This tool uses AI to evaluate your pronunciation so you can improve it and be understood more clearly. You can go straight test the tool at https://aipronunciationtr.com (please use the chrome browser for desktop and have some patience for it to "warm-up" :) ).
I'm happy (and surprised!) that apparently a considerable amount of people are using this tool, and this made -even more- clear that many things could be improved. I tried to solve the most critical issues with small changes on the code base, so that now:
- Requirements are relaxed and should work with modern python versions (tested with 3.12)
- Whisper is used as standard ASR model
- You can edit the text you want to speak by clicking on it and typing (please do before an evaluation)
- Code does not dependent on OR-Tools anymore, which makes is somewhat lighter and faster
- Code is slightly changed so it is now easier to add more languages and change the database.
- Errors will be shown on the console for easier debugging.
I hope this facilitates the use of the tool and you have more fun (and learning!) with it. I plan to add those changes to the server in the coming weeks when I find some more time.
To run the program locally, you need to install the requirements and run the main python file:
pip install -r requirements.txt
python webApp.py
You'll also need ffmpeg, which you can download from here https://ffmpeg.org/download.html. On Windows, it may be needed to add the ffmpeg "bin" folder to your PATH environment variable. On Mac, you can also just run "brew install ffmpeg".
You should be able to run it locally without any major issues as long as you’re using a recent python 3.X version.
For the people who don’t feel comfortable running code or just want to have a quick way to use the tool, I hosted an online version of it at https://aipronunciationtr.com. It should work well in desktop-chrome, any other browser is not officially supported, although most of the functionality should work fine.
Please be aware that the usage is limited by day (I’m still not rich ;)). If, for some reason, you would like to avoid the daily usage limit, just enter in contact and we see what we can do.
Often, when we want to improve our pronunciation, it is very difficult to self-assess how good we’re speaking. Asking a native, or language instructor, to constantly correct us is either impractical, due to monetary constrains, or annoying due to simply being too boring for this other person. Additionally, they may often say “it sounds good” after your 10th try to not discourage you, even though you may still have some mistakes in your pronunciation.
The AI pronunciation trainer is a way to provide objective feedback on how well your pronunciation is in an automatic and scalable fashion, so the only limit to your improvement is your own dedication.
This project originated from a small program that I did to improve my own pronunciation. When I finished it, I believed it could be a useful tool also for other people trying to be better understood, so I decided to make a simple, more user-friendly version of it.
This is a simple project that I made in my free time with the goal to be useful to some people. It is not perfect, thus be aware that some small bugs may be present. In case you find something is not working, all feedback is welcome, and issues may be addressed depending on their severity.
There's definitely a code architecture that would allow this to be easier, but I have limited time and I think the current solution is doable with relative ease.
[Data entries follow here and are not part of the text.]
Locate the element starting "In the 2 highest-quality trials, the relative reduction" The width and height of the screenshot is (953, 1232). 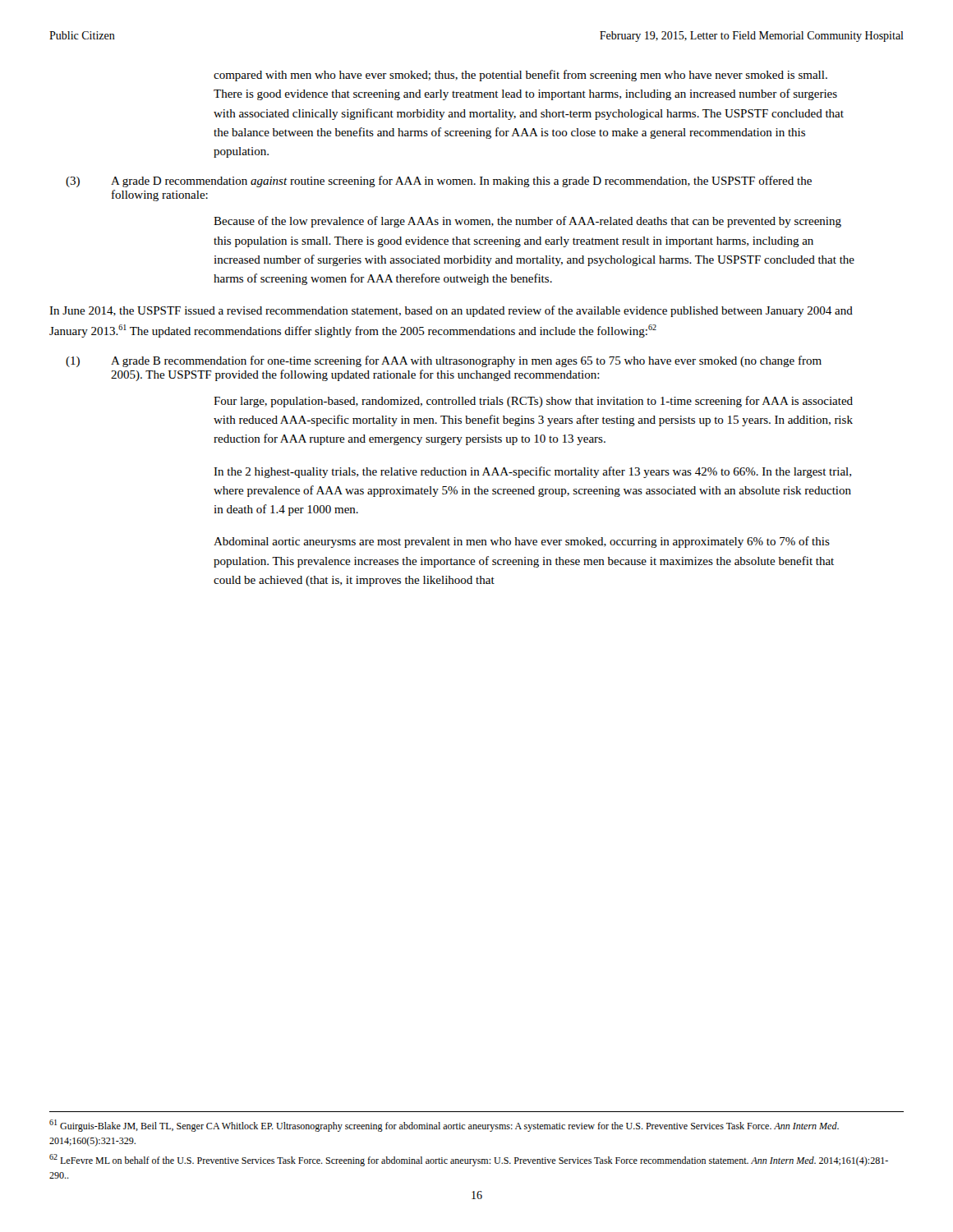coord(534,491)
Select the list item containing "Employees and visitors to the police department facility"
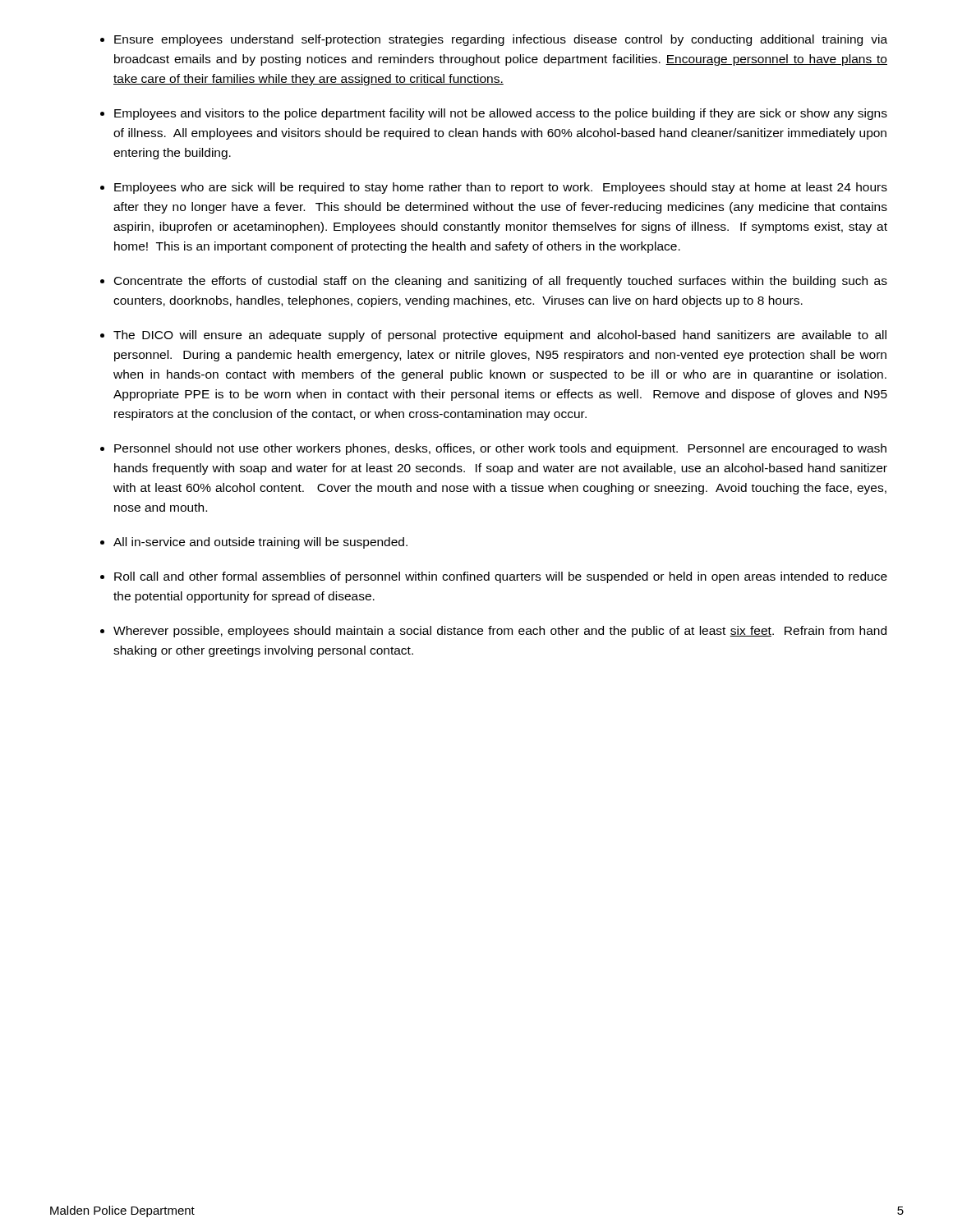 (500, 133)
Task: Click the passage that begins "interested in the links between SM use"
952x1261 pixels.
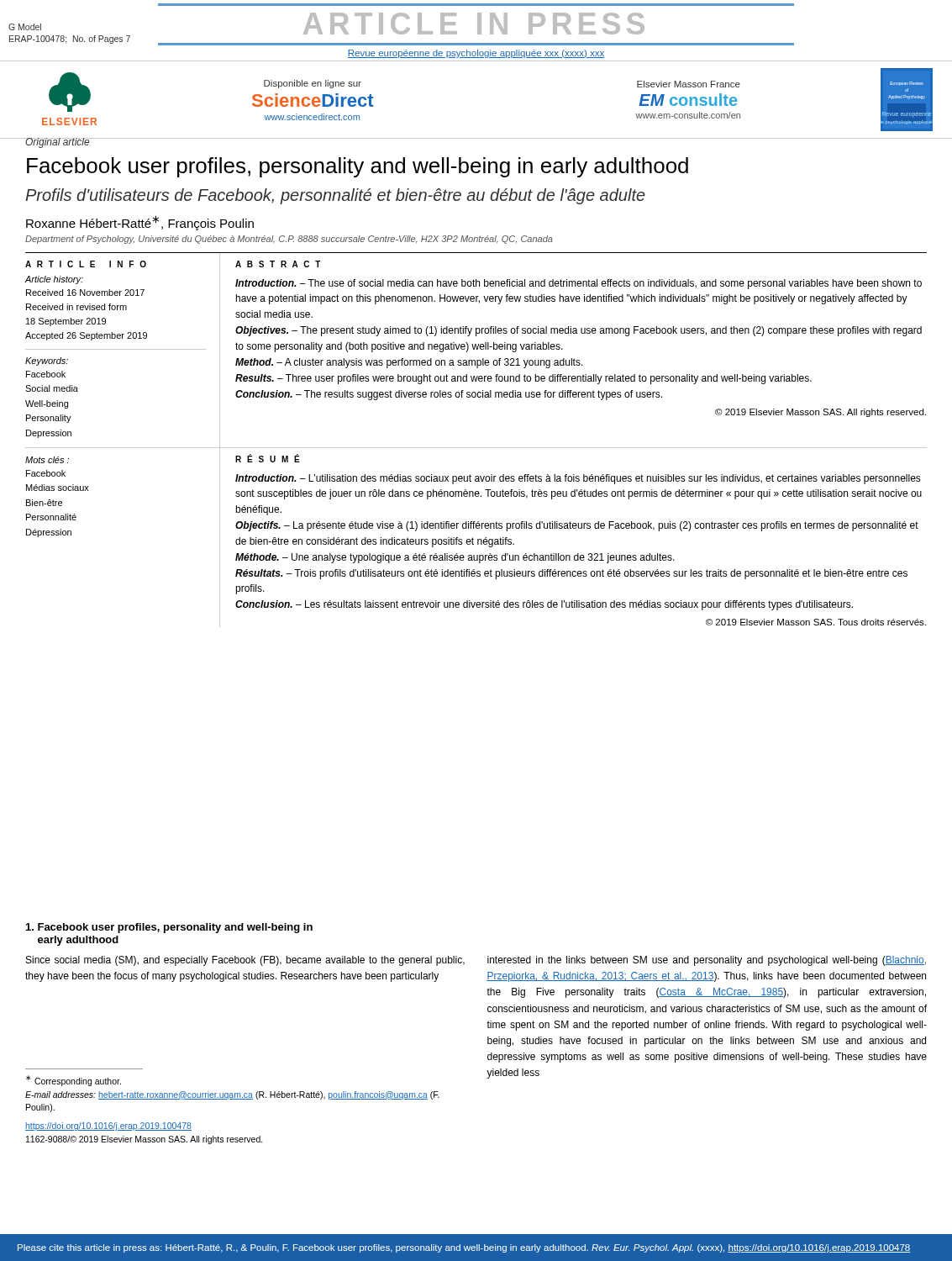Action: point(707,1016)
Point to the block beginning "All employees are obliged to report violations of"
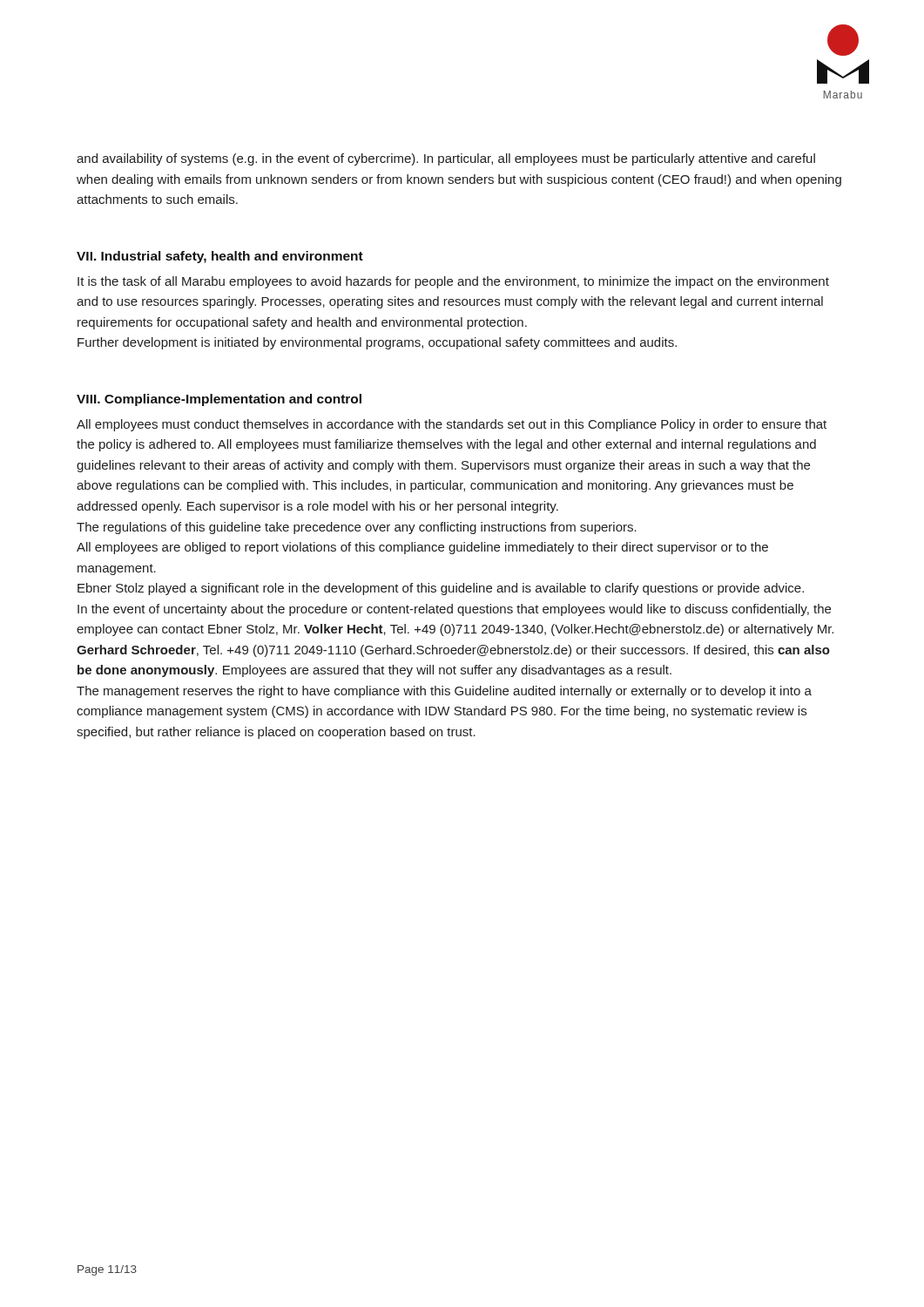 [x=423, y=557]
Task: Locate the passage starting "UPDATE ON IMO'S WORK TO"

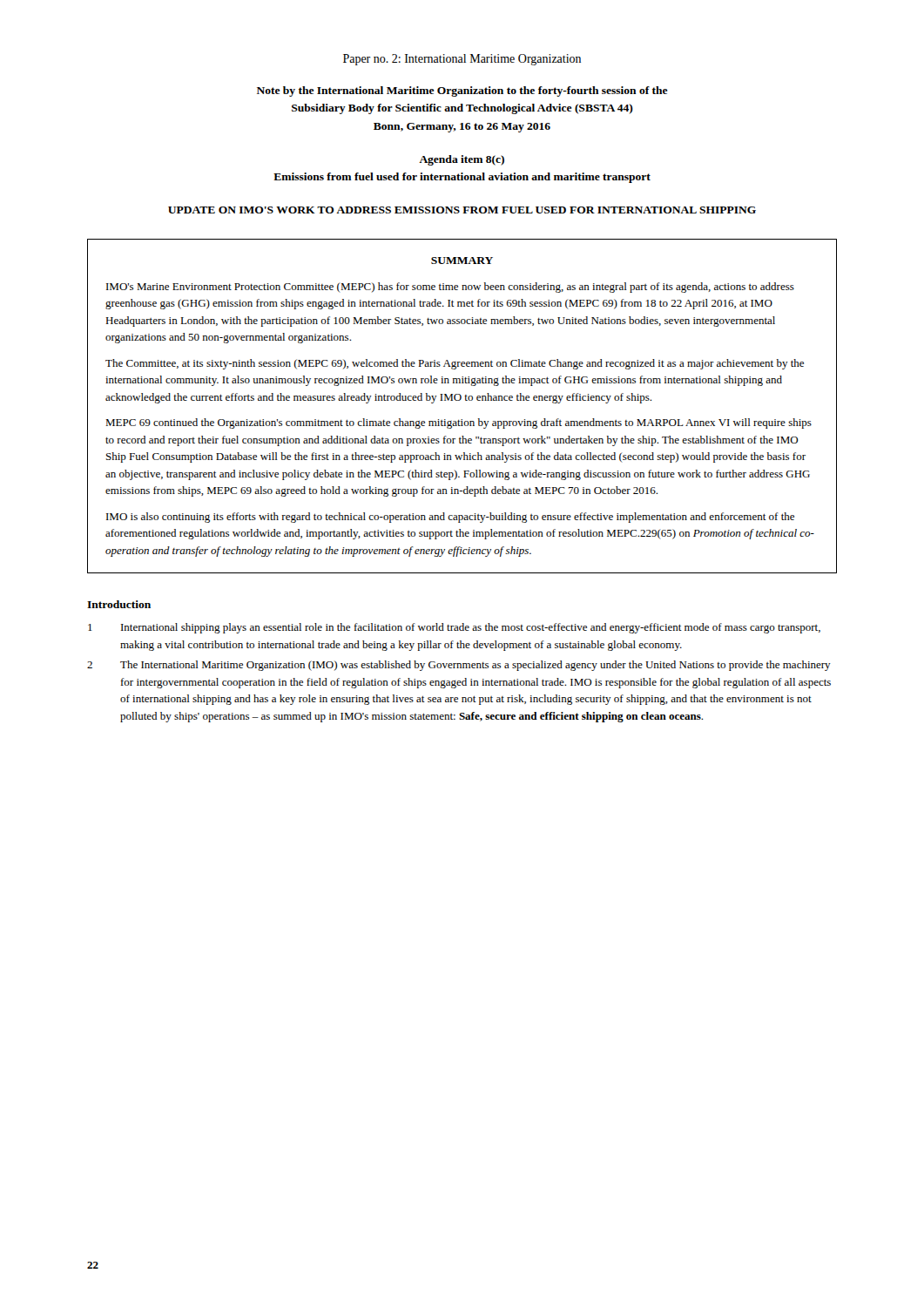Action: point(462,210)

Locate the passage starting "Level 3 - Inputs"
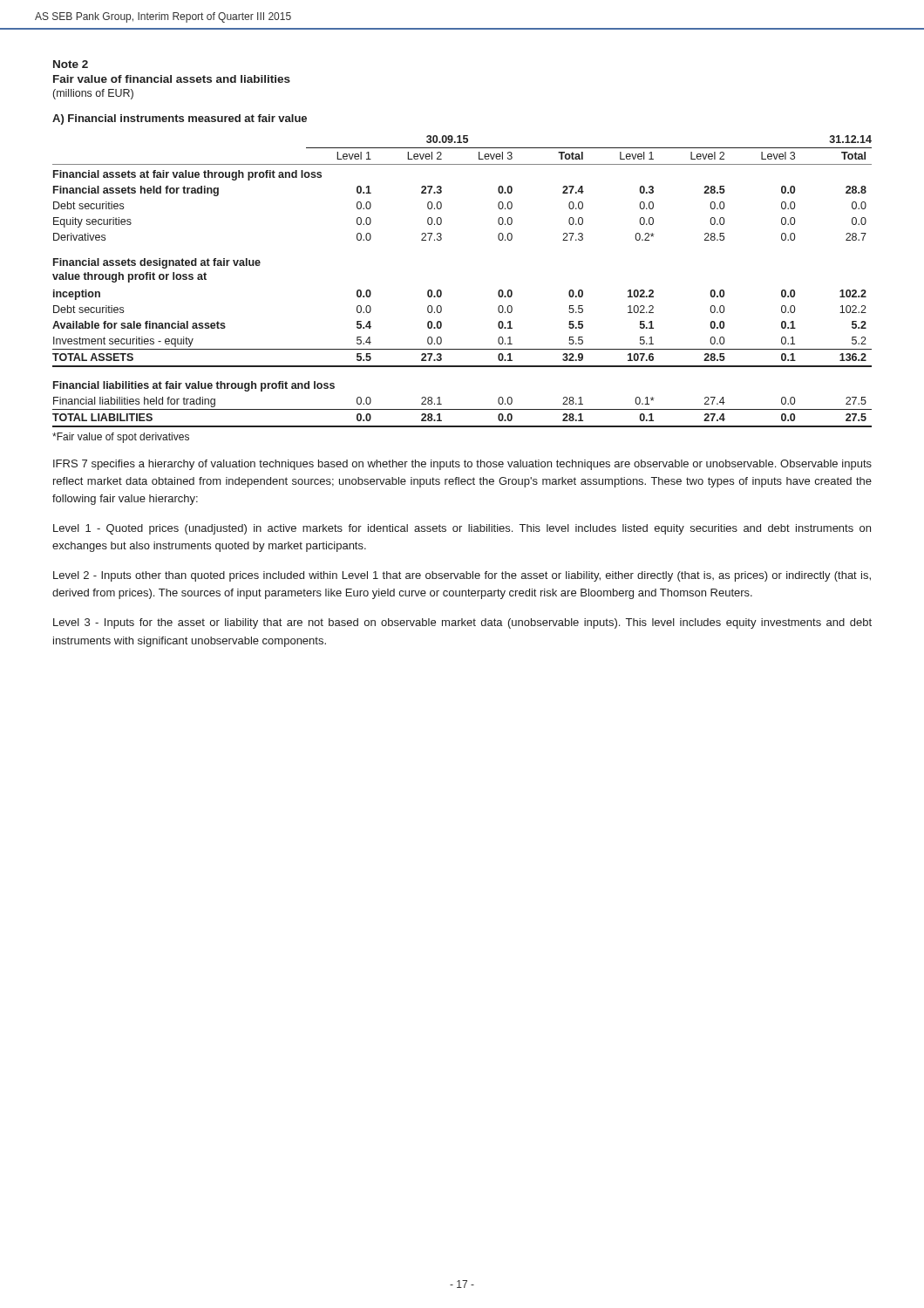(462, 631)

What you need to do is:
As long as your language is supported by Whisper, you need only a database and small changes in key files:
- Add your language identifier to the "lambdaGetSample.py" file
- Add a .csv file with your text database in the "./databases" folder, following the naming convention
- Add a corresponding phonem model in the "RuleBasedModels.py", you likely need only to give the language code to Epitran and possibly correct some characters with a wrapper
- Add your trainer to "lambdaSpeechToScore.py" with the correct language code
If you language is not supported by Whisper, you need to have an Speech-To-Text model and add it to the "getASRModel" function in "models.py", and it needs to implement the "IASRModel" interface. Besides this, you need to do the same as above.
- In the "callback.js" function, add a case for your language
- In the "main.html", add your language in the "languageBox" with corresponding call to the javascript function.